No pictures belong in the answer. Repeat all the entries exactly.

__Collection entries__.
——————————
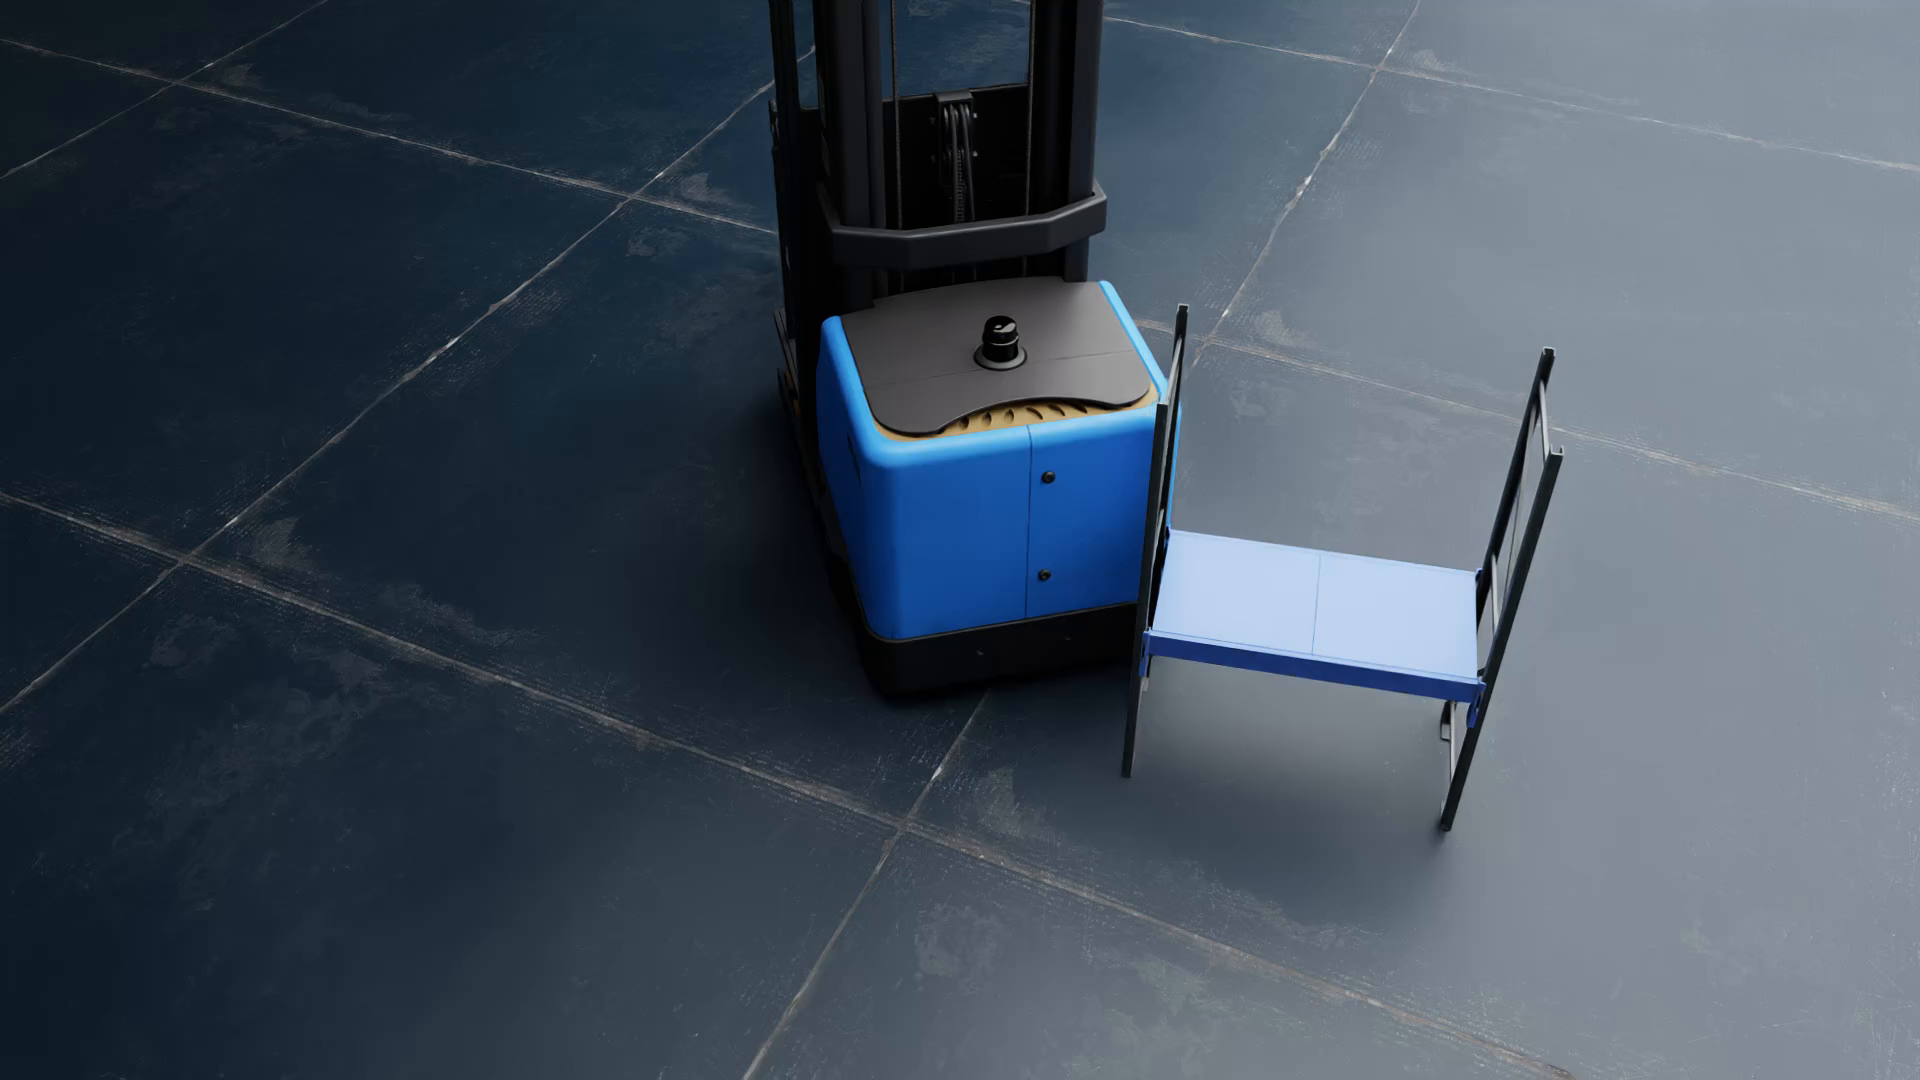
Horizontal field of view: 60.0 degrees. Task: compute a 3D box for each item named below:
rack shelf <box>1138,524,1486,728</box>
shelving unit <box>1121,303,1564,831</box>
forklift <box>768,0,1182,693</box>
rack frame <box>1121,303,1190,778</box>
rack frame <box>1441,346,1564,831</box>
[{"bbox_3d":[1.089,0.253,5.137,1.000,0.185,0.538,8,42,9],"label":"rack shelf"},{"bbox_3d":[1.089,0.117,5.019,1.048,1.500,0.538,8,42,9],"label":"shelving unit"},{"bbox_3d":[-0.132,-1.568,5.870,1.130,2.935,3.031,-9,42,-10],"label":"forklift"},{"bbox_3d":[0.593,0.045,5.102,0.032,1.500,0.500,8,42,9],"label":"rack frame"},{"bbox_3d":[1.586,0.189,4.936,0.032,1.500,0.500,8,42,9],"label":"rack frame"}]
——————————
__Response area__.
Horizontal field of view: 60.0 degrees. Task: compute a 3D box for each item named below:
rack shelf <box>1138,524,1486,728</box>
shelving unit <box>1121,303,1564,831</box>
forklift <box>768,0,1182,693</box>
rack frame <box>1121,303,1190,778</box>
rack frame <box>1441,346,1564,831</box>
[{"bbox_3d":[1.089,0.253,5.137,1.000,0.185,0.538,8,42,9],"label":"rack shelf"},{"bbox_3d":[1.089,0.117,5.019,1.048,1.500,0.538,8,42,9],"label":"shelving unit"},{"bbox_3d":[-0.132,-1.568,5.870,1.130,2.935,3.031,-9,42,-10],"label":"forklift"},{"bbox_3d":[0.593,0.045,5.102,0.032,1.500,0.500,8,42,9],"label":"rack frame"},{"bbox_3d":[1.586,0.189,4.936,0.032,1.500,0.500,8,42,9],"label":"rack frame"}]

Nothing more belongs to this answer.